A defining characteristic of Chief Justice Mogoeng Mogoeng’s time as chairperson of the Judicial Service Commission (JSC) has been the leeway allowed politicians on the body to air their political grievances against judges who have found against them, or their close associates through questions which either seek to go beyond, or behind-the-scenes, of the judgment itself.

This is often, and unfairly, to the detriment to the quality of the interview.

Gauteng High Court Judge Keoagile Elias Matojane’s interview was one such case.

First, ANC member of the National Council of Provinces Kenneth Mmoiemang, asked Matojane about his finding in a 2015 judgment which had declared the suspension of Shadrack Sibiya, the Gauteng head of the Directorate of Priority Crimes Investigations, commonly known as the Hawks, to be illegal.

At the time, Sibiya’s suspension, the removal of his boss at national level, Anwar Dramat, and the suspension of other Hawks members for the alleged illegal rendition of Zimbabwe nationals to that country’s police as part of a bigger manipulation of the criminal justice system to favour then-president Jacob Zuma and his kleptocratic cronies.

Matojane said he had based his findings on “what legal arguments were presented before me” and that the SCA had agreed with his findings when it went on appeal.

The judgment would have further repercussions in the internecine political power battles within the ANC and for appointments within the Hawks where Zuma’s henchman Berning Ntelemeza had, for a period, replaced Dramat (who was considered independent-minded), Mmoiemang pointed out.

Matojane gave this line of questioning short shrift: “I wasn’t called upon to adjudicate a political issue. I was called upon to adjudicate on the facts before me,” he told the commission.

Later on Julius Malema, leader of the Economic Freedom Fighters (EFF), asked Matojane how he had reached the quantum of R500 000-00 for damages that the EFF had to pay former finance minister Trevor Manuel in a defamation case.

On appeal the SCA had upheld Matojane’s findings regarding the defamation of Manuel, whom the EFF had, on their twitter feed accused of being nepotistic and corrupt.

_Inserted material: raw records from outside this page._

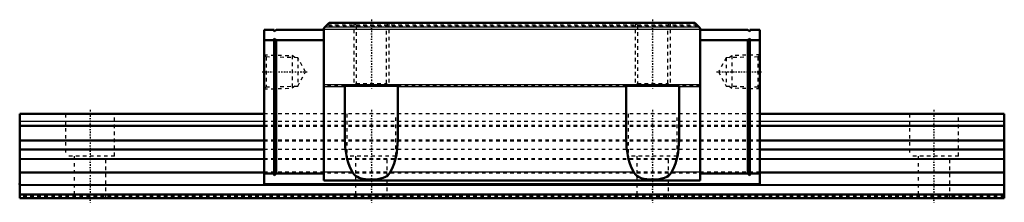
# Model space of a CAD drawing. Header units: millimetres. Extents: x -20 to 260, y -1 to 51.
import ezdxf

# ---------------------------------------------------------------- set-up
doc = ezdxf.new("R2010")
doc.units = ezdxf.units.MM
doc.linetypes.add('Center', pattern=[1.5, 0.45, -0.5, 0.05, -0.5])
doc.linetypes.add('Dashed', pattern=[2, 1, -1])
for name, color, linetype, lineweight in [('2d ConnectionPoints', 7, 'Continuous', 50), ('AM_0', 7, 'Continuous', 50), ('AM_4', 3, 'Continuous', 25), ('AM_5', 3, 'Continuous', 25), ('AM_7', 7, 'Center', 25), ('AM_9', 6, 'Dashed', 25)]:
    doc.layers.add(name, color=color, linetype=linetype, lineweight=lineweight)

# ---------------------------------------------------------------- blocks, each defined once
blk = doc.blocks.new('1_SHW50CASS1_Slide12_50_0_in_SHW50CA1SS280LG200W6950001_0')
at = {"layer": 'AM_0'}
for p, q in [((52.4, 48), (49.5, 48)), ((49.5, 48), (49.5, 4)), ((52.4, 47.5), (52.9, 48)), ((52.4, 48), (52.4, 47.5)), ((66.5, 48), (52.9, 48)), ((66.5, 48.45), (68.05, 50)), ((66.5, 48.45), (66.5, 5)), ((171.95, 50), (68.05, 50)), ((171.95, 50), (173.5, 48.45)), ((173.5, 48.45), (173.5, 5)), ((173.5, 48), (187.1, 48)), ((187.6, 47.5), (187.1, 48)), ((187.6, 48), (190.5, 48)), ((187.6, 48), (187.6, 47.5)), ((190.5, 48), (190.5, 4)), ((52.4, 45), (49.5, 45)), ((52.9, 45), (52.4, 45.5)), ((52.4, 45.5), (52.4, 6.5)), ((52.9, 7), (52.9, 45)), ((66.5, 45), (52.9, 45)), ((173.5, 45), (187.1, 45)), ((187.1, 45), (187.6, 45.5)), ((187.1, 7), (187.1, 45)), ((187.6, 45.5), (187.6, 6.5)), ((187.6, 45), (190.5, 45)), ((72.5, 16.41), (72.5, 32)), ((72.5, 32), (87.5, 32)), ((87.5, 32), (87.5, 16.41)), ((152.5, 16.41), (152.5, 32)), ((152.5, 32), (167.5, 32)), ((167.5, 32), (167.5, 16.41)), ((52.4, 7), (49.5, 7)), ((52.4, 6.5), (52.9, 7)), ((66.5, 7), (52.9, 7)), ((173.5, 7), (187.1, 7)), ((187.1, 7), (187.6, 6.5)), ((187.6, 7), (190.5, 7)), ((190.5, 4), (49.5, 4)), ((173.5, 5), (66.5, 5))]:
    blk.add_line(p, q, dxfattribs=at)
for points in [[(74.6, 7.4), (74.17, 8.25), (73.78, 9.16), (73.44, 10.13), (73.14, 11.14), (72.91, 12.2), (72.72, 13.29), (72.59, 14.4), (72.52, 15.52), (72.5, 16.41)], [(87.5, 16.41), (87.47, 15.28), (87.39, 14.16), (87.24, 13.05), (87.05, 11.97), (86.8, 10.92), (86.5, 9.92), (86.14, 8.96), (85.75, 8.06), (85.4, 7.4)], [(154.6, 7.4), (154.17, 8.25), (153.78, 9.16), (153.44, 10.13), (153.14, 11.14), (152.91, 12.2), (152.72, 13.29), (152.59, 14.4), (152.52, 15.52), (152.5, 16.41)], [(167.5, 16.41), (167.47, 15.28), (167.39, 14.16), (167.24, 13.05), (167.05, 11.97), (166.8, 10.92), (166.5, 9.92), (166.14, 8.96), (165.75, 8.06), (165.4, 7.4)], [(85.4, 7.4), (85.02, 6.85), (84.55, 6.4), (84, 6.05), (83.38, 5.78), (82.64, 5.58), (81.85, 5.44), (80.86, 5.35), (79.85, 5.33), (79.09, 5.36), (78.34, 5.42), (77.62, 5.52), (77.06, 5.65), (76.52, 5.82), (76.02, 6.04), (75.47, 6.39), (74.99, 6.83), (74.6, 7.4)], [(165.4, 7.4), (165.02, 6.85), (164.55, 6.4), (164, 6.05), (163.38, 5.78), (162.64, 5.58), (161.85, 5.44), (160.86, 5.35), (159.85, 5.33), (159.09, 5.36), (158.34, 5.42), (157.62, 5.52), (157.06, 5.65), (156.52, 5.82), (156.02, 6.04), (155.47, 6.39), (154.99, 6.83), (154.6, 7.4)]]:
    blk.add_lwpolyline(points, dxfattribs=at)
at = {"layer": 'AM_4'}
for p, q in [((173.5, 48.09), (66.5, 48.09)), ((173.16, 48.79), (66.84, 48.79)), ((173.5, 32.27), (66.5, 32.27)), ((72.5, 31.77), (66.5, 31.77)), ((152.5, 31.77), (87.5, 31.77)), ((173.5, 31.77), (167.5, 31.77)), ((74.6, 7.4), (66.5, 7.4)), ((154.6, 7.4), (85.4, 7.4)), ((173.5, 7.4), (165.4, 7.4))]:
    blk.add_line(p, q, dxfattribs=at)
at = {"layer": 'AM_5', "linetype": 'Dashed'}
for p, q in [((75, 50), (75, 32)), ((85, 50), (85, 32)), ((155, 50), (155, 32)), ((165, 50), (165, 32)), ((49.5, 40.86), (57.5, 40.66)), ((58.28, 40.06), (57.5, 40.66)), ((57.5, 40.66), (57.5, 31.34)), ((181.72, 40.06), (182.5, 40.66)), ((190.5, 40.86), (182.5, 40.66)), ((182.5, 40.66), (182.5, 31.34)), ((49.5, 31.14), (57.5, 31.34)), ((58.28, 31.94), (57.5, 31.34)), ((181.72, 31.94), (182.5, 31.34)), ((190.5, 31.14), (182.5, 31.34))]:
    blk.add_line(p, q, dxfattribs=at)
at = {"layer": 'AM_7'}
for p, q in [((80, 50.9), (80, 31.1)), ((160, 50.9), (160, 31.1)), ((48.91, 36), (61.87, 36)), ((178.13, 36), (191.09, 36))]:
    blk.add_line(p, q, dxfattribs=at)
at = {"layer": 'AM_9'}
for p, q in [((172.95, 49), (67.05, 49)), ((172.66, 49.29), (67.34, 49.29)), ((75, 50), (75.7, 49.3)), ((75.7, 49.3), (75.7, 32.7)), ((75.7, 49.3), (84.3, 49.3)), ((84.3, 49.3), (85, 50)), ((84.3, 32.7), (84.3, 49.3)), ((155, 50), (155.7, 49.3)), ((155.7, 49.3), (155.7, 32.7)), ((155.7, 49.3), (164.3, 49.3)), ((164.3, 49.3), (165, 50)), ((164.3, 32.7), (164.3, 49.3)), ((50.07, 40.27), (49.5, 40.86)), ((59.08, 40.04), (50.07, 40.27)), ((50.07, 40.27), (50.07, 31.73)), ((61.28, 36), (59.08, 40.04)), ((59.08, 40.04), (59.08, 31.96)), ((180.92, 40.04), (178.72, 36)), ((189.93, 40.27), (180.92, 40.04)), ((180.92, 40.04), (180.92, 31.96)), ((190.5, 40.86), (189.93, 40.27)), ((189.93, 40.27), (189.93, 31.73)), ((59.08, 31.96), (61.28, 36)), ((178.72, 36), (180.92, 31.96)), ((49.5, 31.14), (50.07, 31.73)), ((50.07, 31.73), (59.08, 31.96)), ((72.5, 32), (66.5, 32)), ((75.7, 32.7), (75, 32)), ((75.7, 32.7), (84.3, 32.7)), ((85, 32), (84.3, 32.7)), ((152.5, 32), (87.5, 32)), ((155.7, 32.7), (155, 32)), ((155.7, 32.7), (164.3, 32.7)), ((165, 32), (164.3, 32.7)), ((173.5, 32), (167.5, 32)), ((180.92, 31.96), (189.93, 31.73)), ((189.93, 31.73), (190.5, 31.14)), ((190.5, 24), (49.5, 24)), ((190.5, 21.86), (49.5, 21.86)), ((190.5, 20.76), (49.5, 20.76)), ((190.5, 20.47), (49.5, 20.47)), ((190.5, 16.53), (49.5, 16.53)), ((190.5, 16.24), (49.5, 16.24)), ((190.5, 13.86), (49.5, 13.86)), ((190.5, 11.2), (49.5, 11.2)), ((190.5, 10.99), (49.5, 10.99)), ((190.5, 7.42), (49.5, 7.42)), ((190.5, 7.17), (49.5, 7.17))]:
    blk.add_line(p, q, dxfattribs=at)
blk = doc.blocks.new('2_SHW50CA28020_Track_0_in_SHW50CA1SS280LG200W6950001_0')
at = {"layer": 'AM_0'}
for p, q in [((49.5, 24), (-20, 24)), ((-20, 24), (-20, 0)), ((260, 24), (190.5, 24)), ((260, 24), (260, 0)), ((49.5, 13.86), (-20, 13.86)), ((260, 13.86), (190.5, 13.86)), ((260, 1.05), (-20, 1.05)), ((260, 0), (-20, 0))]:
    blk.add_line(p, q, dxfattribs=at)
at = {"layer": 'AM_4'}
for p, q in [((49.5, 21.86), (-20, 21.86)), ((49.5, 20.76), (-20, 20.76)), ((49.5, 20.47), (-20, 20.47)), ((260, 21.86), (190.5, 21.86)), ((260, 20.76), (190.5, 20.76)), ((260, 20.47), (190.5, 20.47)), ((49.5, 16.53), (-20, 16.53)), ((49.5, 16.24), (-20, 16.24)), ((260, 16.53), (190.5, 16.53)), ((260, 16.24), (190.5, 16.24)), ((49.5, 11.2), (-20, 11.2)), ((49.5, 10.99), (-20, 10.99)), ((260, 11.2), (190.5, 11.2)), ((260, 10.99), (190.5, 10.99)), ((49.5, 7.42), (-20, 7.42)), ((49.5, 7.17), (-20, 7.17)), ((260, 7.42), (190.5, 7.42)), ((260, 7.17), (190.5, 7.17)), ((260, 3.83), (-20, 3.83)), ((260, 3.58), (-20, 3.58))]:
    blk.add_line(p, q, dxfattribs=at)
at = {"layer": 'AM_7'}
for p, q in [((0, 25.2), (0, -1.2)), ((80, 25.2), (80, -1.2)), ((160, 25.2), (160, -1.2)), ((240, 25.2), (240, -1.2))]:
    blk.add_line(p, q, dxfattribs=at)
at = {"layer": 'AM_9'}
for p, q in [((-7, 24), (-7, 12)), ((7, 12), (7, 24)), ((190.5, 24), (49.5, 24)), ((73, 24), (73, 12)), ((87, 12), (87, 24)), ((153, 24), (153, 12)), ((167, 12), (167, 24)), ((233, 24), (233, 12)), ((247, 12), (247, 24)), ((190.5, 21.86), (49.5, 21.86)), ((190.5, 20.76), (49.5, 20.76)), ((190.5, 20.47), (49.5, 20.47)), ((190.5, 16.53), (49.5, 16.53)), ((190.5, 16.24), (49.5, 16.24)), ((7, 12), (-7, 12)), ((-4.5, 12), (-4.5, 0)), ((4.5, 0), (4.5, 12)), ((190.5, 13.86), (49.5, 13.86)), ((87, 12), (73, 12)), ((75.5, 12), (75.5, 0)), ((84.5, 0), (84.5, 12)), ((167, 12), (153, 12)), ((155.5, 12), (155.5, 0)), ((164.5, 0), (164.5, 12)), ((247, 12), (233, 12)), ((235.5, 12), (235.5, 0)), ((244.5, 0), (244.5, 12)), ((190.5, 11.2), (49.5, 11.2)), ((190.5, 10.99), (49.5, 10.99)), ((190.5, 7.42), (49.5, 7.42)), ((190.5, 7.17), (49.5, 7.17)), ((260, 0.5), (-20, 0.5))]:
    blk.add_line(p, q, dxfattribs=at)

msp = doc.modelspace()

# ---------------------------------------------------------------- linework, layer by layer
at = {"layer": '2d ConnectionPoints'}
for p in [(-20, 4), (0, 0), (0, 0)]:
    msp.add_point(p, dxfattribs=at)

# ---------------------------------------------------------------- block references
for name in ['1_SHW50CASS1_Slide12_50_0_in_SHW50CA1SS280LG200W6950001_0', '2_SHW50CA28020_Track_0_in_SHW50CA1SS280LG200W6950001_0']:
    msp.add_blockref(name, (0, 0))

doc.saveas('drawing.dxf')

Finding that the high court’s decision on defamation and unlawfulness was “well founded”, the SCA, however, upheld the appeal against the quantum of damages and retraction and apology, and ordered that the determination of damages be referred to oral evidence. In the 2020 judgment, the SCA found that the reasoning of the high court on the quantum of damages had been “sparse, with little attention paid to how best to determine the extent of reputational loss.”

Matojane deftly told Malema that, being mindful of his own ruling and the SCA’s judgment, he “cannot second-guess the matter”: “I have said what I had to say [in my judgment]. I am constrained [by it].”

Needless to say Matojane, like many judges who have ruled against powerful politicians or their interests in cases of political law-fare, was not recommended for appointment by the JSC.